Nicole Copley is an NGO lawyer who works for NGO clients all over South Africa and internationally. She qualified with a BA LLB LLM (Tax) from the University of KwaZulu-Natal, Durban (with a Masters in tax exemption), and is a Master Tax Practitioner SATM.

Nicole advises on, drafts and amends founding documents for and sets up every sort of organisation required by South African NGOs. She makes tax exemption and 18A (deduction of donations) applications, and applications to be registered with the Nonprofit Organisations Board. She (and her team) keep registrations up to date and assist with compliance and reporting. She also NPO reporting and other services. She advises on re-structuring and assists not-for-profits in understanding and applying the useful provisions of B-BBEE.

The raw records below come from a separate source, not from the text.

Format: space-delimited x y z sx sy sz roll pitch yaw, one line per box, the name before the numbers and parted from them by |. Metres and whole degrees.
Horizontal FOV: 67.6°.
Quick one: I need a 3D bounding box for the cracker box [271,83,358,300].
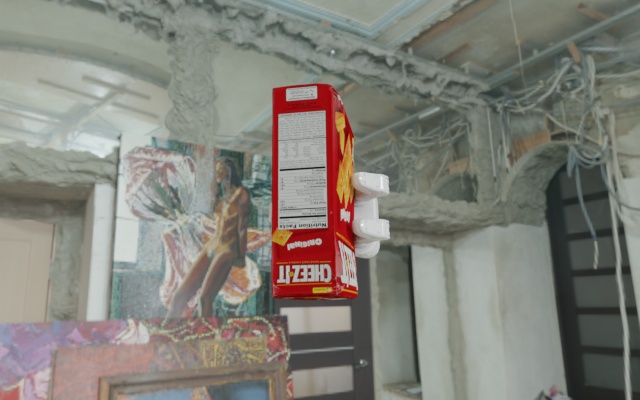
cracker box | 0.000 0.002 0.535 0.072 0.213 0.164 -4 -13 11
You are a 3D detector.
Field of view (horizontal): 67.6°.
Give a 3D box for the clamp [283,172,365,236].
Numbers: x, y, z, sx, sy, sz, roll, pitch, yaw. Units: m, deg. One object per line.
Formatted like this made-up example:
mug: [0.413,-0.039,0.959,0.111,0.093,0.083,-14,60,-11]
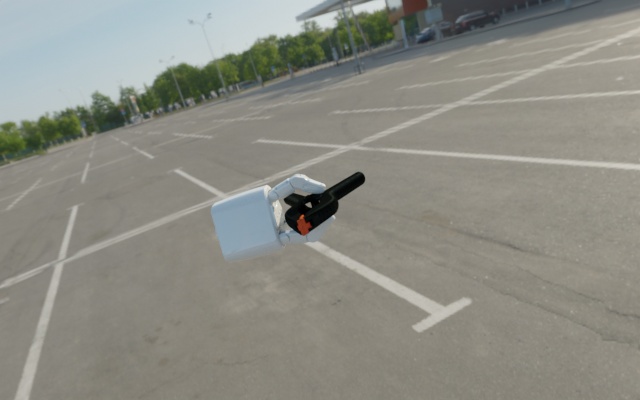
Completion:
clamp: [0.000,0.002,0.830,0.164,0.036,0.210,-18,16,10]
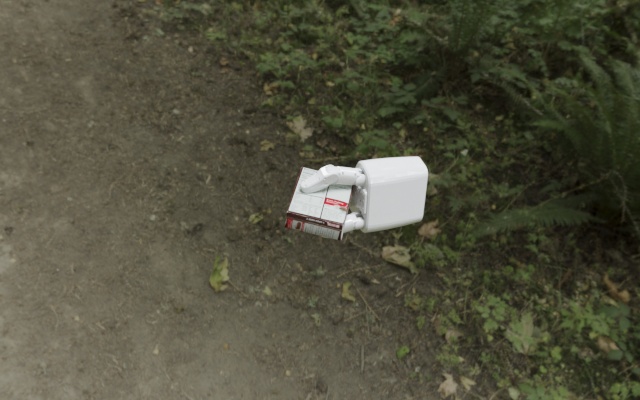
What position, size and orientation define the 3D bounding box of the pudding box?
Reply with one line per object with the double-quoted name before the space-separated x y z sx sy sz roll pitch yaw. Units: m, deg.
"pudding box" 0.000 0.002 0.744 0.090 0.039 0.113 13 42 3
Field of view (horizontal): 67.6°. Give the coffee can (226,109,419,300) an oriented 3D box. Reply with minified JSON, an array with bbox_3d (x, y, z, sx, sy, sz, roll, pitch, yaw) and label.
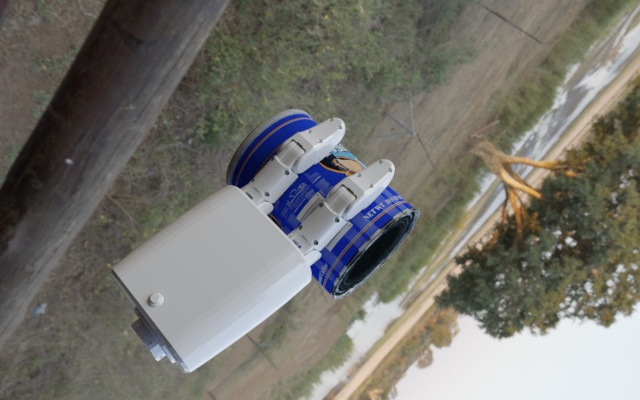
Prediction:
[{"bbox_3d":[0.000,0.001,0.424,0.140,0.103,0.103,43,18,20],"label":"coffee can"}]
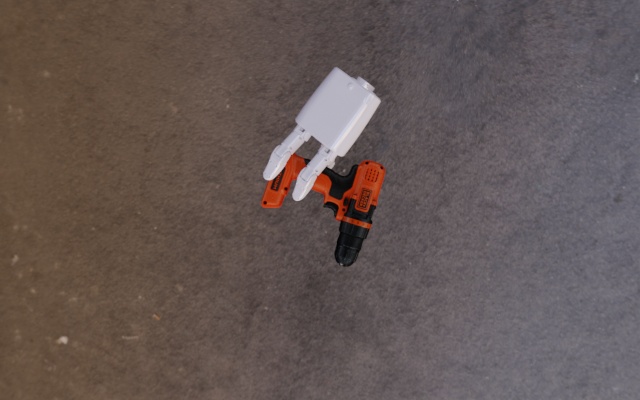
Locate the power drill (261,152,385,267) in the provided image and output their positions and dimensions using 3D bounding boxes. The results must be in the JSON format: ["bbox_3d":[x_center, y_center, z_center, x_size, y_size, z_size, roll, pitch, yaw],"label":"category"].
[{"bbox_3d":[0.000,0.002,0.804,0.187,0.184,0.057,18,-2,-2],"label":"power drill"}]
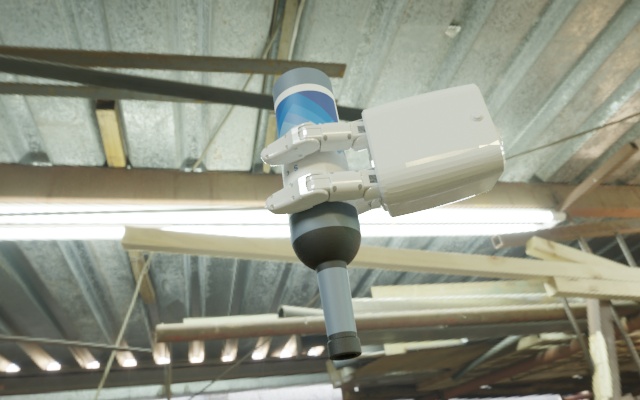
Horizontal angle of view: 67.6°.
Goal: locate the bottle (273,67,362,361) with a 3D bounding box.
[{"bbox_3d":[0.000,0.001,0.462,0.069,0.295,0.069,-7,-30,-4],"label":"bottle"}]
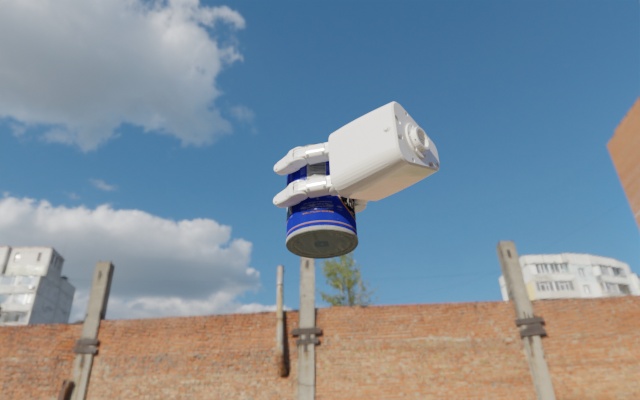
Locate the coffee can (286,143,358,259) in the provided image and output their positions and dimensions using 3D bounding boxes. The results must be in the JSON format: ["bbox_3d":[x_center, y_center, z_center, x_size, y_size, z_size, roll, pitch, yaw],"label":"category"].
[{"bbox_3d":[0.000,0.003,0.707,0.103,0.140,0.103,-2,-29,-1],"label":"coffee can"}]
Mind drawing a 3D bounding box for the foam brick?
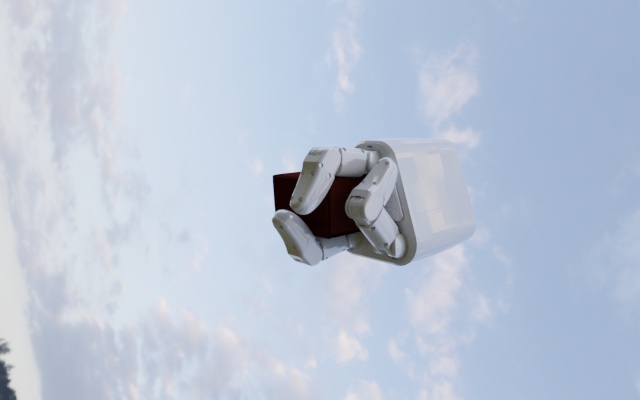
[{"bbox_3d":[0.000,0.001,0.439,0.051,0.053,0.078,-10,12,-41],"label":"foam brick"}]
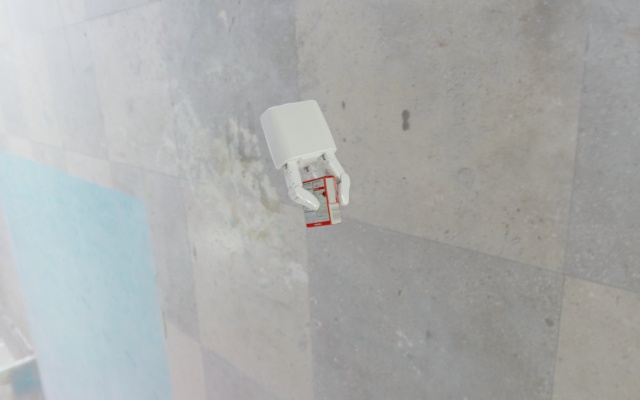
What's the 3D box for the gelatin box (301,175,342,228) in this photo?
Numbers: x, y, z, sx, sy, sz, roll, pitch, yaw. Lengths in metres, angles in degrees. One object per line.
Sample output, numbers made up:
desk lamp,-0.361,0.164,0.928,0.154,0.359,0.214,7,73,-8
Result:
gelatin box,0.000,0.003,0.880,0.030,0.089,0.073,-7,-3,-41
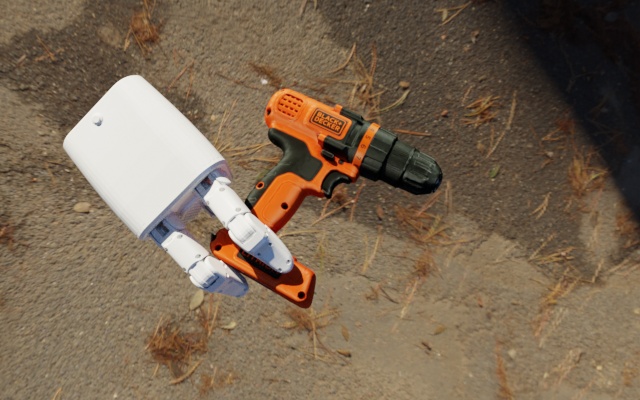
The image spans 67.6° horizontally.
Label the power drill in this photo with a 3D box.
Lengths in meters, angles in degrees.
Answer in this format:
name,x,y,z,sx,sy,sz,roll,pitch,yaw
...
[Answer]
name,x,y,z,sx,sy,sz,roll,pitch,yaw
power drill,0.000,0.002,0.449,0.184,0.187,0.057,26,-16,11
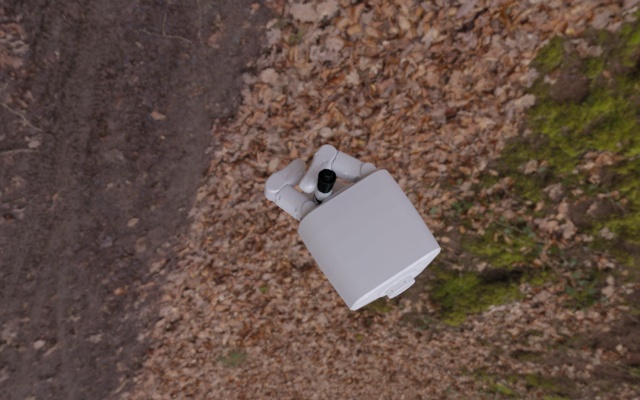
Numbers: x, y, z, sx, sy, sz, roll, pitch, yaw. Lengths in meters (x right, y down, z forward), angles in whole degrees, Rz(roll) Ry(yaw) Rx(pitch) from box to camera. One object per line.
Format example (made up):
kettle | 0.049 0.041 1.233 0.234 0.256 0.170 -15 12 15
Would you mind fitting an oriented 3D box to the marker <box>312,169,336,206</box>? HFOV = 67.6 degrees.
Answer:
marker | 0.000 0.002 0.524 0.020 0.020 0.121 0 -28 -9
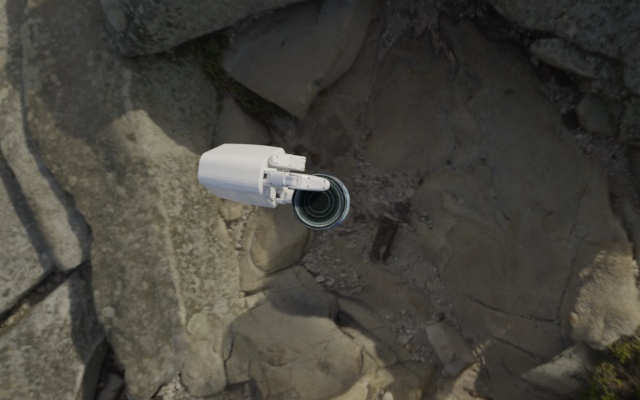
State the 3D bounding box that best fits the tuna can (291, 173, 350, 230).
[{"bbox_3d":[0.000,0.002,0.717,0.086,0.086,0.034,0,-1,10],"label":"tuna can"}]
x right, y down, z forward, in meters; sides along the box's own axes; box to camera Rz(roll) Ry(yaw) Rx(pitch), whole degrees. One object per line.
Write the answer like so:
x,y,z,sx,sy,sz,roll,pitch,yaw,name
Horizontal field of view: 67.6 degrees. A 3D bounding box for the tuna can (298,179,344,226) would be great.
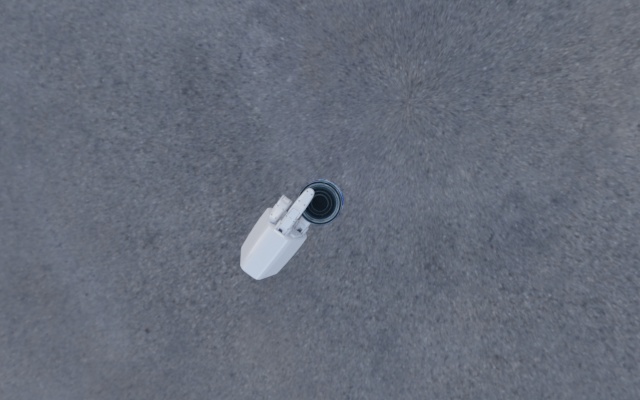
0.000,0.003,0.891,0.086,0.086,0.033,0,7,7,tuna can
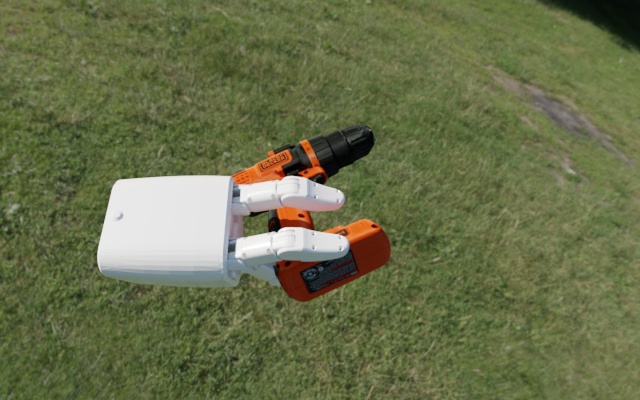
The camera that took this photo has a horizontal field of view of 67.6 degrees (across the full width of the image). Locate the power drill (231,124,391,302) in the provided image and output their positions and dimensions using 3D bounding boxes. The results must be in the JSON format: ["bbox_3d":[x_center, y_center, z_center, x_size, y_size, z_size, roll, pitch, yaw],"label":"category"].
[{"bbox_3d":[0.000,0.002,0.497,0.184,0.057,0.187,-26,41,-3],"label":"power drill"}]
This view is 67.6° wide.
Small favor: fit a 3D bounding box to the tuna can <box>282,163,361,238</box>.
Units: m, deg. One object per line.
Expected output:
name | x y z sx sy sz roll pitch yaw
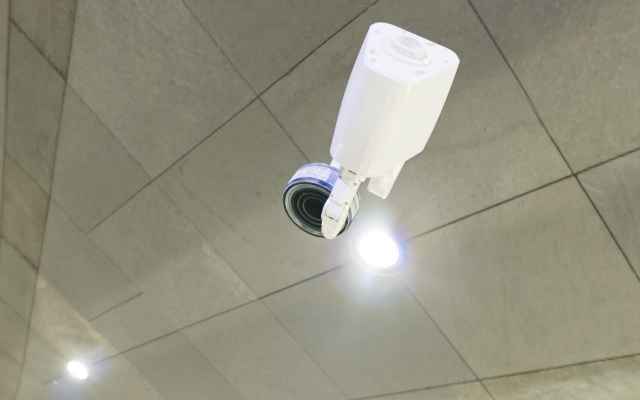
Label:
tuna can | 0.000 0.002 0.542 0.086 0.086 0.033 0 37 30
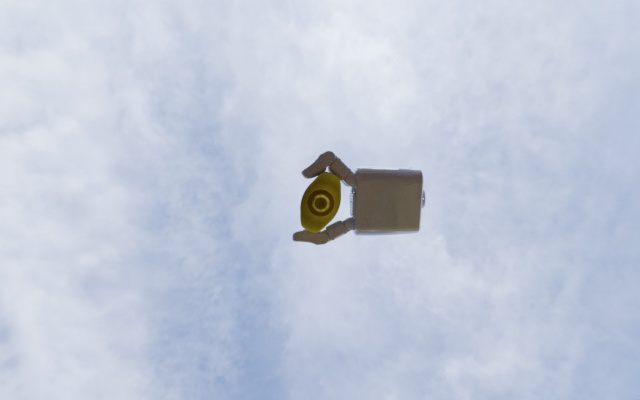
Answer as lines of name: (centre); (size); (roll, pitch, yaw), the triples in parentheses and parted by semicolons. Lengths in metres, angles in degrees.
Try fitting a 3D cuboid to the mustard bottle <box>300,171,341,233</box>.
mustard bottle: (0.000, 0.002, 0.758); (0.058, 0.096, 0.191); (24, 1, -2)
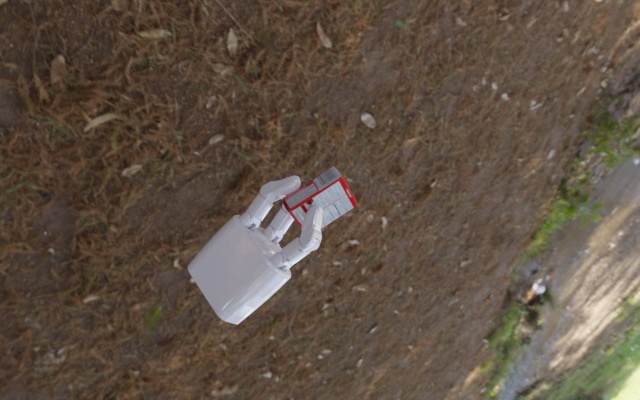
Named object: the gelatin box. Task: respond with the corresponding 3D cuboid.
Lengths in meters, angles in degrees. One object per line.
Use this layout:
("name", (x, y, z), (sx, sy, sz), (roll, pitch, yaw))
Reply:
("gelatin box", (0.001, 0.002, 0.674), (0.089, 0.030, 0.073), (-33, -40, 0))
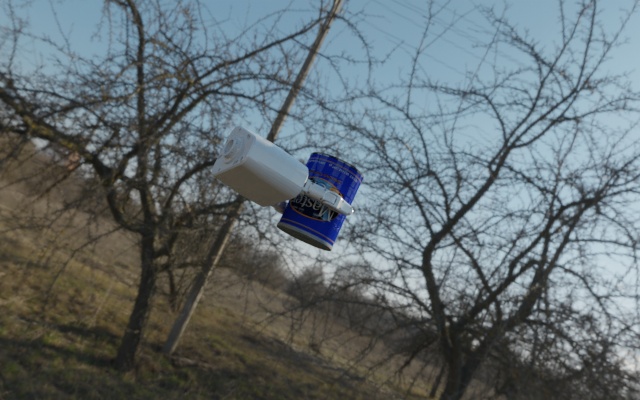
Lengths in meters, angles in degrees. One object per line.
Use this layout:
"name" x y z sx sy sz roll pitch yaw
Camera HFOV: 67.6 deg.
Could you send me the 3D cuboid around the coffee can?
"coffee can" 0.000 0.003 0.821 0.103 0.140 0.103 24 -11 5

She also does commercial drafting work for her NGO clients, vetting and drafting agreements for them. She works for a wide range of types and sizes of organisations and aims to provide a pragmatic and efficient service. Her decades of experience in consulting to NGOs means she takes the long view, is focused on governance, ethics, credibility and sustainability and steers clients away from quick fixes, helping them build/renovate so that the organisation outlasts current office bearers.

Nicole works with other consultants to the not-for-profit sector, collaborating on training, newsletters, advising government on legislation for the sector and, most recently, a series of practical guides for the sector, called “NGO Matters”, originally published by Juta but now published by Nicole as NGO Matters Publications.

She has been a consultant since 2019.